Handle Full Name No. Input Attributes No. Instances Source
“bike_r” Bike Sharing* 11 1739 [1] and UCI Machine Learning Repository
“toyota_r” Toyota Corolla 9 1436 [2] and Data Illuminations
“ames_r” Ames House Price Data** 12 1456 [3] and Kaggle
“abalone_r” Abalome (seafood) 8 4177 [4] and UCI Machine Learning Repository
“power_r” Combined Cycle Power Plant 4 9568 [5,6] and UCI Machine Learning Repository
“concrete_r” Concrete Compressive Strength 8 1030 [7] and UCI Machine Learning Repository

*Year information and the season field have been dropped, while the date has been replaced by the sine and cosine of the corresponding within-year phase $\theta$ (so that $\theta=0$ corresponds to January 1st, and $\theta=\pi$ corresponding to the middle of the calendar year).

**With a reduced set of features selected by a tree-based ranking scheme.

References

[1] Fanaee-T, Hadi and Gama, Joao, “Event labeling combining ensemble detectors and background knowledge”, Progress in Artificial Intelligence (2013): pp. 1-15.

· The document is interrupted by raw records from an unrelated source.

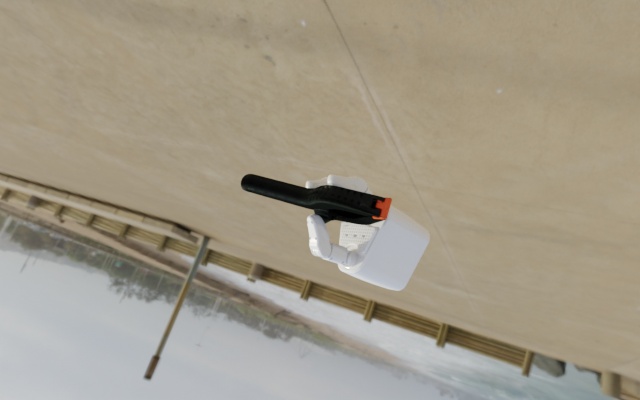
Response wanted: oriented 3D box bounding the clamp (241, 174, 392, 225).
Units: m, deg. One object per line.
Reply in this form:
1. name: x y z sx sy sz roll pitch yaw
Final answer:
1. clamp: 0.000 0.003 0.643 0.164 0.036 0.210 26 -16 -35
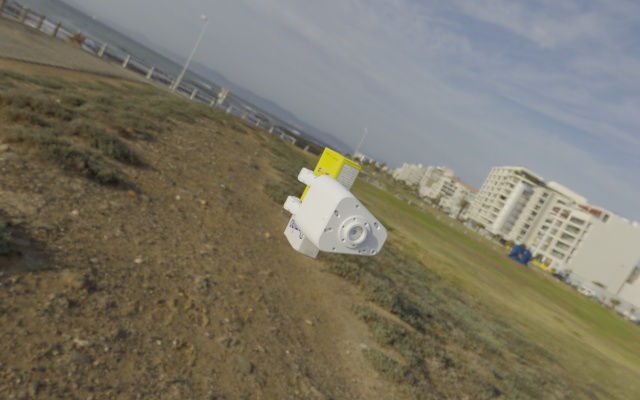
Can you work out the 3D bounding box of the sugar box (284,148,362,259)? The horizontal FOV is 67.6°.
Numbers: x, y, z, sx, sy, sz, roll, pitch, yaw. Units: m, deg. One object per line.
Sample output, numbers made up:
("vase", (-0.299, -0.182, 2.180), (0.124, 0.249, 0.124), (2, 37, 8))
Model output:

[2] Original source unknown, but referenced on this blog of Peter Chan, San Diego.

[3] De Cock, Dean, “Ames, Iowa: Alternative to the Boston Housing Data as an End of Semester Regression Project”, Journal of Statistics Education Volume 19, Number 3(2011).

[4] Warwick J Nash, Tracy L Sellers, Simon R Talbot, Andrew J Cawthorn and Wes B Ford, “The Population Biology of Abalone (Haliotis species) in Tasmania. I. Blacklip Abalone (H. rubra) from the North Coast and Islands of Bass Strait”, Sea Fisheries Division, Technical Report No. 48 (1994), ISSN 1034-3288.

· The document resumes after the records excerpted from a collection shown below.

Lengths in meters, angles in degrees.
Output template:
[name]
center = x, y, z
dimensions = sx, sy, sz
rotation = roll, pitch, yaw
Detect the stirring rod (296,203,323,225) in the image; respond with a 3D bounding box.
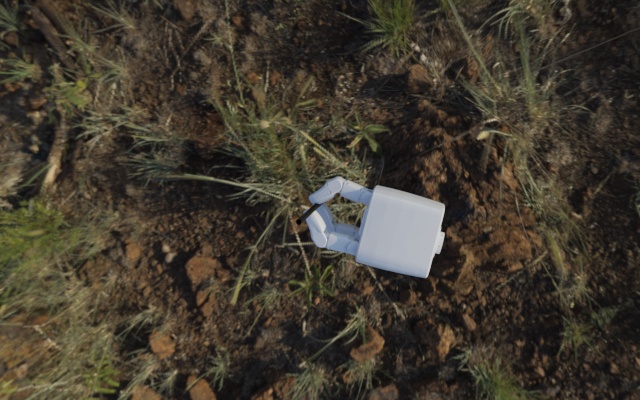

[5] Pınar Tüfekci, Prediction of full load electrical power output of a base load operated combined cycle power plant using machine learning methods, International Journal of Electrical Power & Energy Systems, Volume 60, (Sept. 2014), Pages 126-140.

[6] Heysem Kaya, Pınar Tüfekci , Sadık Fikret Gürgen: Local and Global Learning Methods for Predicting Power of a Combined Gas & Steam Turbine, Proceedings of the International Conference on Emerging Trends in Computer and Electronics Engineering ICETCEE 2012, pp. 13-18 (Mar. 2012), Dubai.

[7] I-Cheng Yeh, “Modeling of strength of high performance concrete using artificial neural networks,”Cement and Concrete Research, Vol. 28, No. 12, pp. 1797-1808 (1998).